As discussed in a previous advisory, the European Union’s supreme court, the Court of Justice of the European Union (CJEU), invalidated the EU-U.S. Privacy Shield Framework (Privacy Shield) in its July 16, 2020 decision in the “Schrems II” case ( case C-311/18). Though this development complicates the transfer of personal data from the European Union into the United States, it does not completely bar it. The CJEU’s ruling upheld the use of standard contractual clauses (SCCs) as a valid transfer, subject to a potential need to implement additional safeguards. Other transfer mechanisms, such as binding corporate rules and specific derogations for certain limited transfers also remain valid.
The more than 5,400 companies signed up under the Privacy Shield program now seek guidance from U.S. and European authorities regarding how to continue to legally transfer data. Responses from regulatory authorities on each side of the Atlantic have been mixed.
European Response
The national data protection authorities of most EU nations immediately issued statements regarding the July 16 decision. In its response to the ruling, Spain’s data protection authority echoed the sentiment of many other authorities in emphasizing the desire to craft a common approach and response to the decision through cooperation in the European Data Protection Board (EDPB), a European body composed of representatives of the national data protection authorities.
On July 23, 2020, the EDPB adopted guidance on a set of frequently asked questions related to the July 16 CJEU ruling. Critically, the EDPB points out that companies have no grace period during which they can continue to transfer data in reliance on the Privacy Shield. Whether a company is using binding corporate rules or SCCs, the EDPB instructs companies to conduct a case-by-case assessment of contemplated data transfers, “taking into account the circumstances of the transfers, and supplementary measures [companies] could put in place.” The EDPB will continue its analysis of the July 16 ruling and will provide further guidance regarding the types of legal, technical or organizational measures that could be used to ensure compliance with the ruling.

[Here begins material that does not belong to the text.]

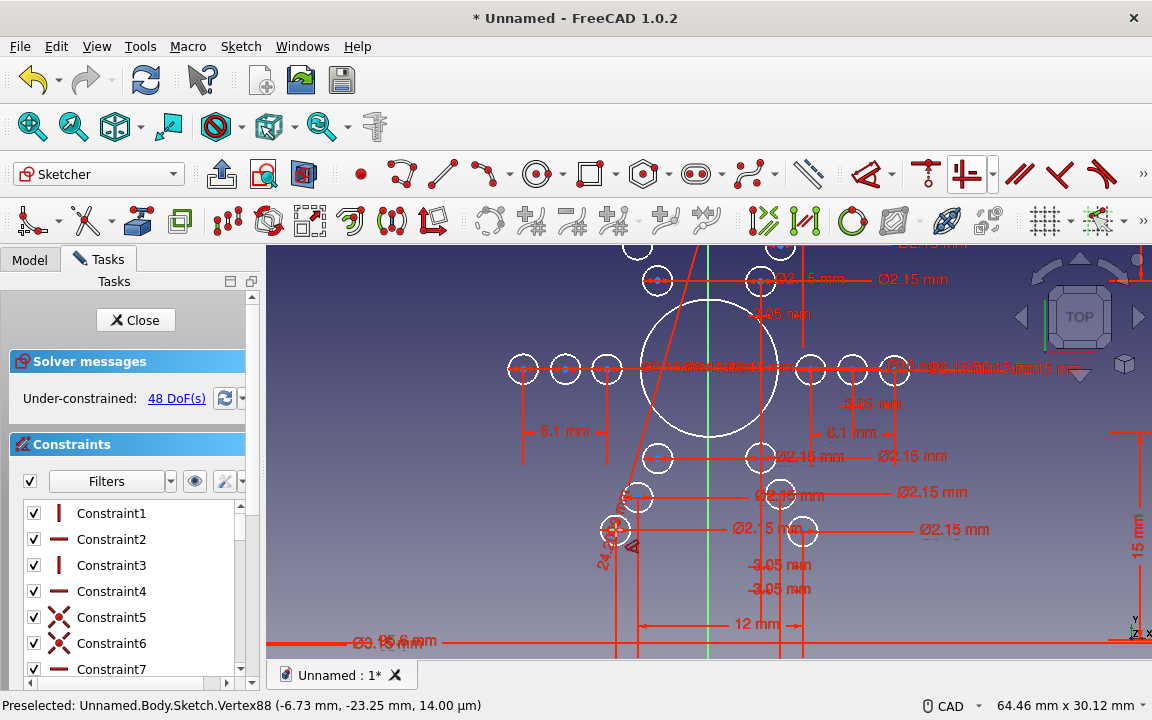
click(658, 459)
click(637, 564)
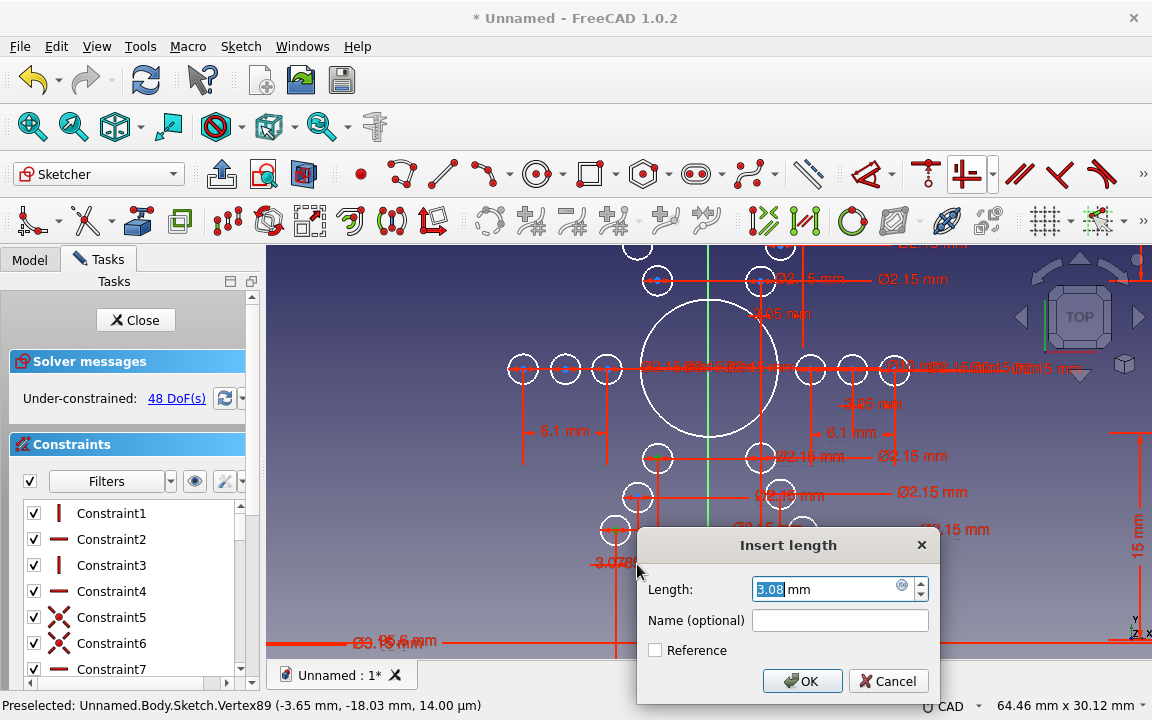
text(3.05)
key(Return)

In Germany, where multiple data protection authorities exist, Germany’s Federal Commissioner for Data Protection and Freedom of Information stated that after full publication of the ruling and deliberations in the EDPB, “the focal point will be the revision of the standard contractual clauses by the European Commission, as well as the need for the USA to ensure that the European people enjoy the same fundamental rights as US-nationals.” Certain data protection authorities of the German Länder took a more aggressive position. The Hamburg Data Protection Commissioner called the CJEU decision to uphold the use of the SCCs inconsistent with the logic behind the court’s Privacy Shield decision. The Berlin Commissioner for Data Protection and Freedom of Information directed Berlin companies that are transferring personal data to service providers in the US to switch to service providers in the EU or in a country with an appropriate level of data protection.
The UK’s Information Commissioner’s Office also issued a statement on July 27, 2020 recognizing the challenges imposed on businesses by the CJEU decision and vowing to apply “a risk-based and proportionate approach” in its role as a supervisory authority.
U.S. Response
Both the U.S. Department of Commerce and the Federal Trade Commission have said that they expect companies to continue to comply with their obligations with respect to transfers made under the Privacy Shield Framework. The Federal Trade Commission further advised companies to “continue to follow robust privacy principles, such as those underlying the Privacy Shield Framework, and to review their privacy policies to ensure they describe their privacy practices accurately, including with regard to international data transfers.”
On August 10, 2020, the U.S. Department of Commerce and the European Commission issued a joint press statement reporting that they had “initiated discussions to evaluate the potential for an enhanced EU-U.S. Privacy Shield framework to comply with the July 16 judgment” and recognized “the vital importance of data protection and the significance of cross-border data transfers to our citizens and economies.”
Practical Guidance
- Organizations that have historically relied on Privacy Shield should inventory all transfers of data from the EU to the U.S. to determine what legal mechanism may be used going forward. In the short term, SCCs or derogations for specific transfers may be appropriate.
- Organizations should not abandon their adherence to the Privacy Shield Principles with respect to information they have collected and transferred under the Privacy Shield Framework. U.S. regulators have made clear that organizations are expected to continue to comply with their public commitments to protect personal data, consistent with the Privacy Shield Principles.
- Organizations that choose to use SCCs as an alternative data transfer mechanism must evaluate whether additional safeguards may be required to ensure an adequate level of protection for personal data being transferred. Although data protection authorities have not provided guidance on what additional safeguards may be adequate, organizations may consider supplementing SCCs to include processes to report any circumstances where a party cannot comply with SCCs due to a government access request and make contingency plans should a need arise to suspend any particular transfer.
- Organizations should continue to monitor guidance from European data protection authorities and U.S. regulators, including any potential replacement of the Privacy Shield to inform their long-term compliance strategy with respect to cross-border data transfers.